Air Date: 7th June, 2005

Synopsis

Arun has a dark secret that she is desperate to keep under wraps. Her only hope way of staying out of the way is to feign sickness but it won’t be long before everyone at Larkhall sees her for who she is. Arun’s problem is a fast emerging beard and moustache, but luckily, sympathetic Colin is on unlock and readily agrees when she asks permission to take a hot bath in the hope that it will ease her ‘period cramps’. Once in the bath, Arun shaves off her beard with the aid of a razor blade stuck to the handle of a toothbrush. It’s tough and tricky work and Arun ends up cutting her face to ribbons.

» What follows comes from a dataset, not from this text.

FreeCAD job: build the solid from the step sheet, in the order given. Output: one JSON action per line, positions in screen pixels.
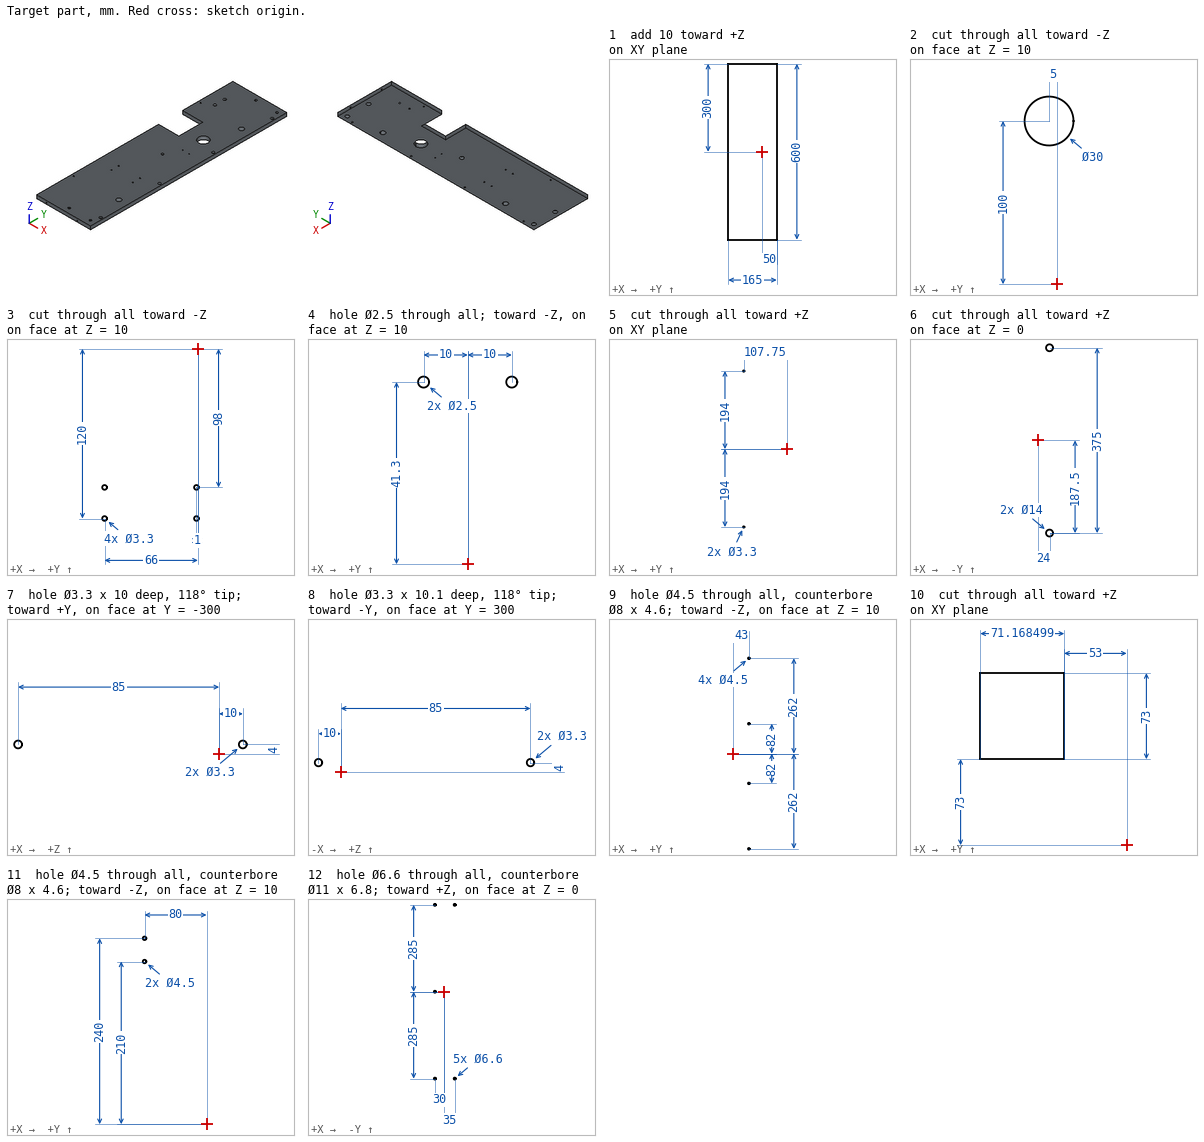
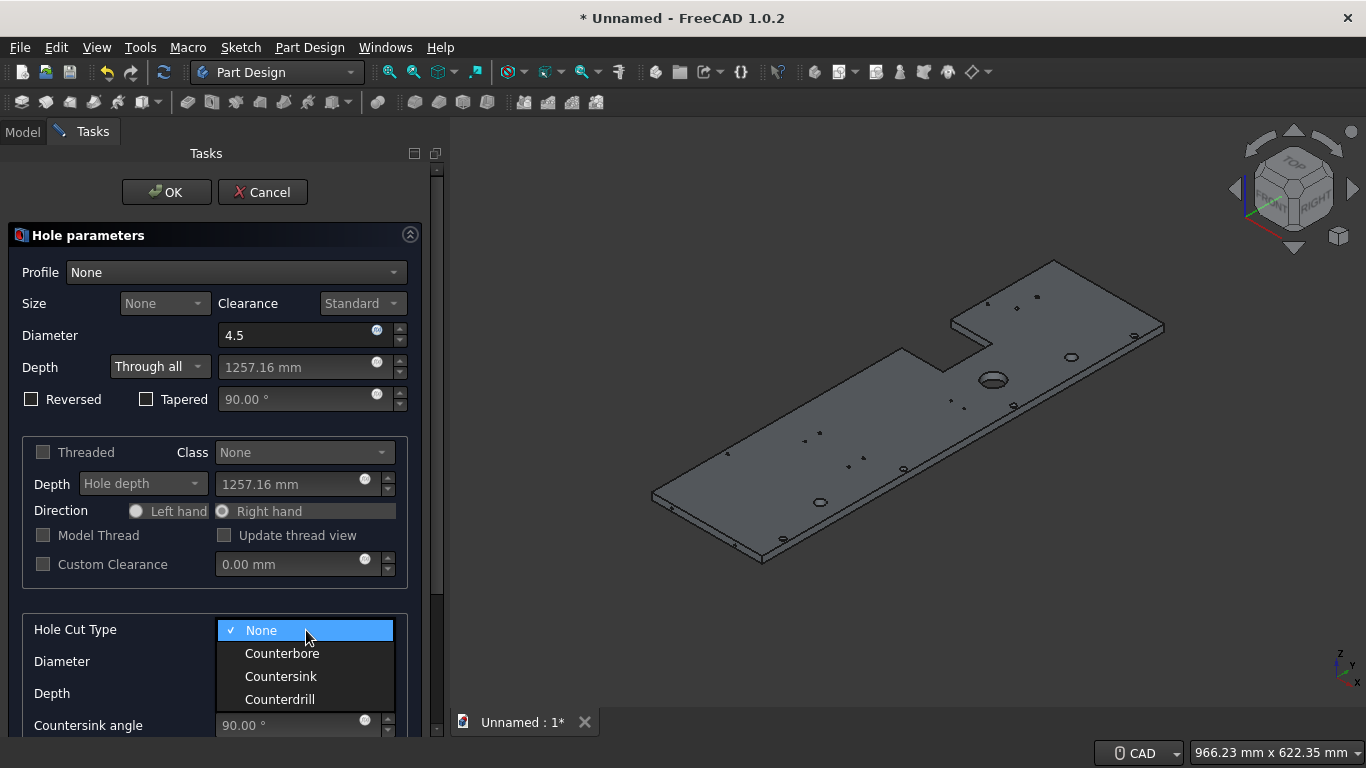
{"action": "left_click", "coordinate": [304, 654]}

An elderly nun called Sister Thomas Moore arrives at Larkhall for a six month stretch for embezzlement and theft – she ‘stole’ charitable donations to the church to make sure the money actually made it to those who needed it. Immediately, she gets on the wrong side of Hollamby who is disgusted when she sees violent lash marks across Sister Thomas’s back. She is even more disgusted when it appears that Sister Thomas can’t seem to get her name right. Natalie meanwhile hates nuns so takes it upon herself to give Sister Thomas a good thumping to remind her that the habit offers no protection from the evil on G-Wing.

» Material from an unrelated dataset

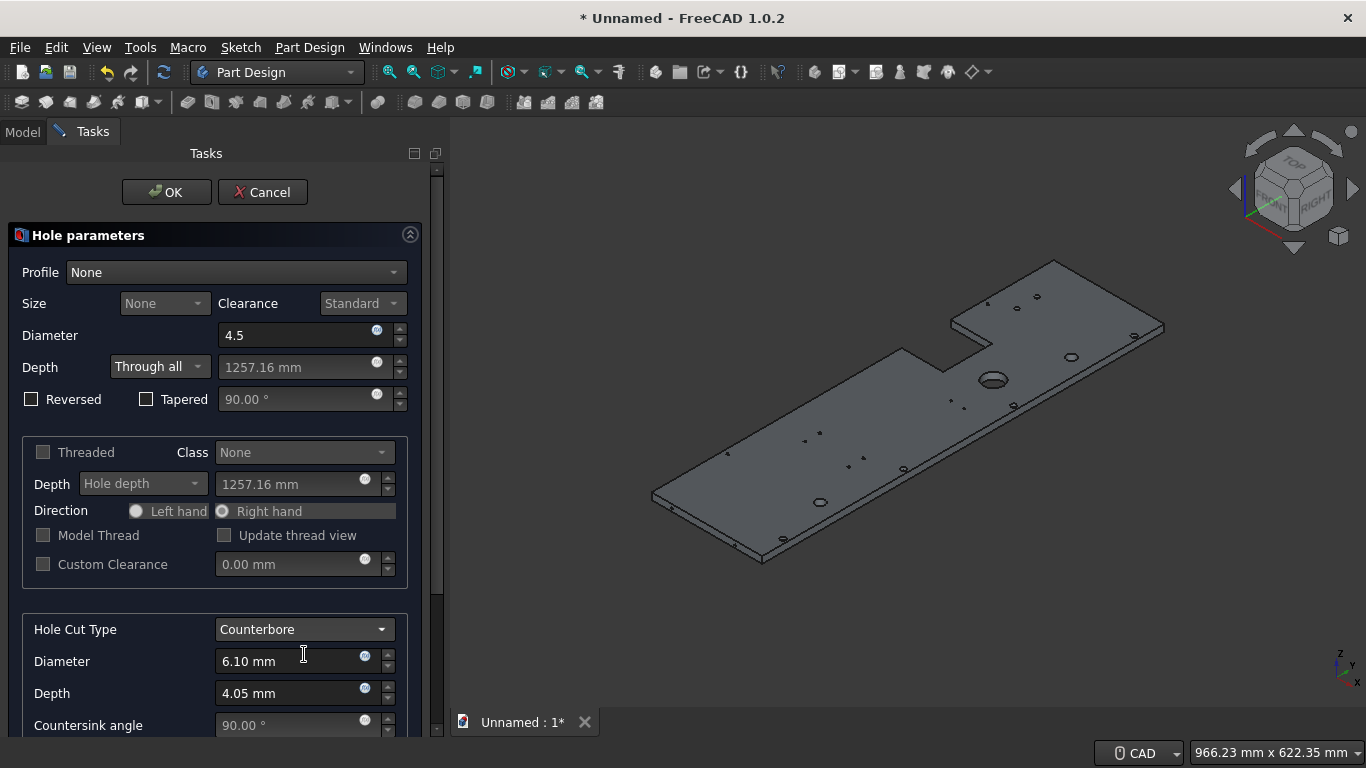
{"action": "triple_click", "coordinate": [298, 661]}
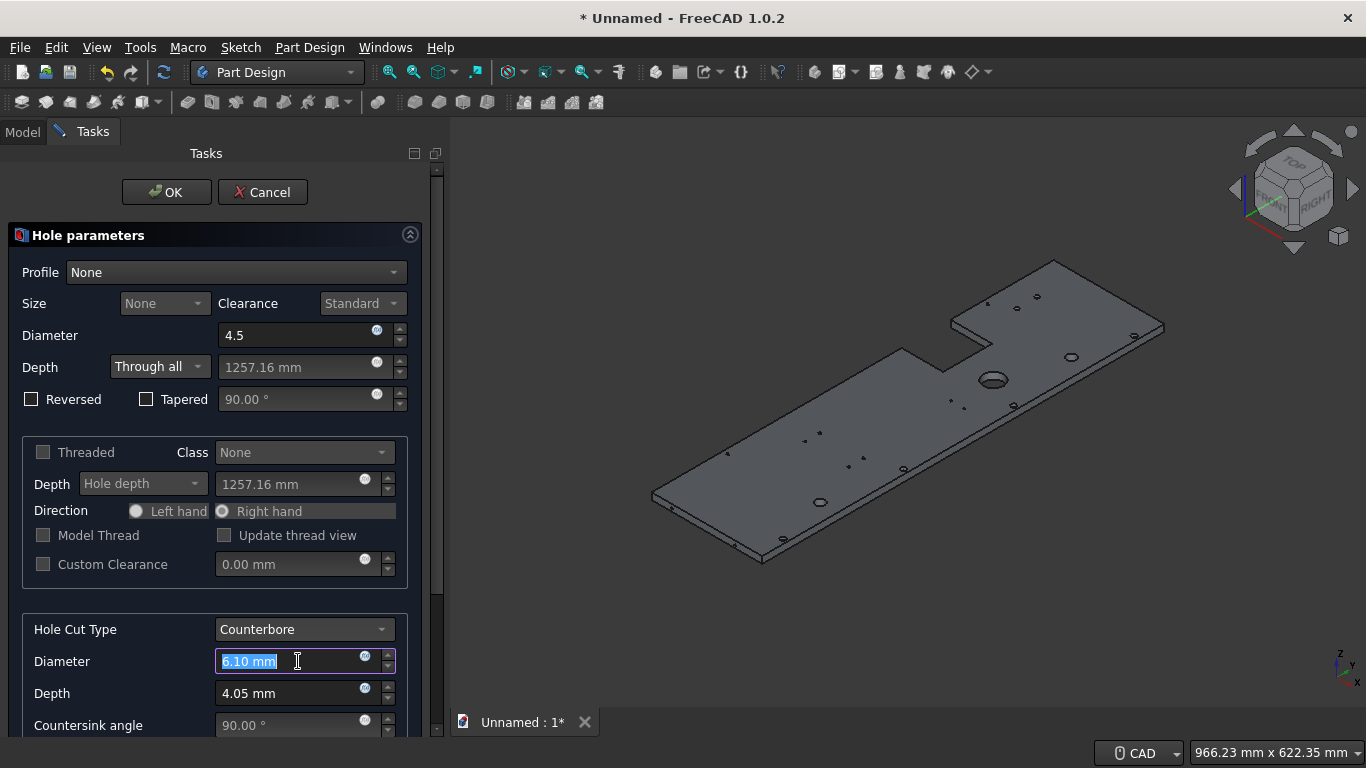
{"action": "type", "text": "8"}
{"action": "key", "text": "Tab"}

Phyl and Bev’s scam of swapping favours and then cakes for free booze might be about to dry out when Neil decides to help out in the kitchen. Before long, he stumbles across Frank’s latest ‘gift’, an elaborately decorated fruit cake. Forced to think on their feet, Phyl and Bev make up a story about baking the cake as a wedding present to Hollamby. Neil is delighted with this explanation and wastes no time in passing the good news on to Hollamby. She’s not that impressed – she’s already ordered a three-tier cake for her wedding – but magnanimously decides to share Phyl and Bev’s cake out amongst the inmates. Pretending that they’d spiked the cake with something nasty, Phyl and Bev manage to rescue the pieces of cake and give them to Denise in exchange for a bottle of vodka.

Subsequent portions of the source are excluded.